**TASK DESCRIPTION**
Please restate the data word for word, in full.

========

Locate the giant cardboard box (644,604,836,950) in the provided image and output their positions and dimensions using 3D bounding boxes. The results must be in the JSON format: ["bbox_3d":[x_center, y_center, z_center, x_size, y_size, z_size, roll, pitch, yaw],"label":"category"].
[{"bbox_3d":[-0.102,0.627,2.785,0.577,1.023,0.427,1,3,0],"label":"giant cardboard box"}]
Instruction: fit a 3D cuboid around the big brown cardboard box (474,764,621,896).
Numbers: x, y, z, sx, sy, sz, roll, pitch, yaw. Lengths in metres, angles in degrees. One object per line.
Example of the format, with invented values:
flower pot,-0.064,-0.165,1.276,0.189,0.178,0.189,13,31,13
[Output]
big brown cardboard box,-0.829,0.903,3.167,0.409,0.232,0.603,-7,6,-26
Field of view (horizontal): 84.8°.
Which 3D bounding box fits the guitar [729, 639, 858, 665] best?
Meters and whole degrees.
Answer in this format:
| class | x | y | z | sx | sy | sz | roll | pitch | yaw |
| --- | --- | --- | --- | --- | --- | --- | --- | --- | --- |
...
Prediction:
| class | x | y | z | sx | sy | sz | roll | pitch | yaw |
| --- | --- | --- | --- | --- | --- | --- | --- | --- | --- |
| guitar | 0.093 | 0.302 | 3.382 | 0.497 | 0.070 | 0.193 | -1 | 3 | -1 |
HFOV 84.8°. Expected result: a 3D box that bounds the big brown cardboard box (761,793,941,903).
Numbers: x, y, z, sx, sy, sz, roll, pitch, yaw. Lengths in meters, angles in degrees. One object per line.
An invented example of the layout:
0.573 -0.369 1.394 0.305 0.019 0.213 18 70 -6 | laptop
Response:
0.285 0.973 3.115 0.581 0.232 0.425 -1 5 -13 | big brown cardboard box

========

**ANSWER BOX**
Locate the giant cardboard box (644,604,836,950) in the provided image and output their positions and dimensions using 3D bounding boxes. The results must be in the JSON format: ["bbox_3d":[x_center, y_center, z_center, x_size, y_size, z_size, roll, pitch, yaw],"label":"category"].
[{"bbox_3d":[-0.102,0.627,2.785,0.577,1.023,0.427,1,3,0],"label":"giant cardboard box"}]
Instruction: fit a 3D cuboid around the big brown cardboard box (474,764,621,896).
Numbers: x, y, z, sx, sy, sz, roll, pitch, yaw. Lengths in metres, angles in degrees. One object per line.
Example of the format, with invented values:
flower pot,-0.064,-0.165,1.276,0.189,0.178,0.189,13,31,13
[Output]
big brown cardboard box,-0.829,0.903,3.167,0.409,0.232,0.603,-7,6,-26
Field of view (horizontal): 84.8°.
Which 3D bounding box fits the guitar [729, 639, 858, 665] best?
Meters and whole degrees.
Answer in this format:
| class | x | y | z | sx | sy | sz | roll | pitch | yaw |
| --- | --- | --- | --- | --- | --- | --- | --- | --- | --- |
...
Prediction:
| class | x | y | z | sx | sy | sz | roll | pitch | yaw |
| --- | --- | --- | --- | --- | --- | --- | --- | --- | --- |
| guitar | 0.093 | 0.302 | 3.382 | 0.497 | 0.070 | 0.193 | -1 | 3 | -1 |
HFOV 84.8°. Expected result: a 3D box that bounds the big brown cardboard box (761,793,941,903).
Numbers: x, y, z, sx, sy, sz, roll, pitch, yaw. Lengths in meters, angles in degrees. One object per line.
An invented example of the layout:
0.573 -0.369 1.394 0.305 0.019 0.213 18 70 -6 | laptop
Response:
0.285 0.973 3.115 0.581 0.232 0.425 -1 5 -13 | big brown cardboard box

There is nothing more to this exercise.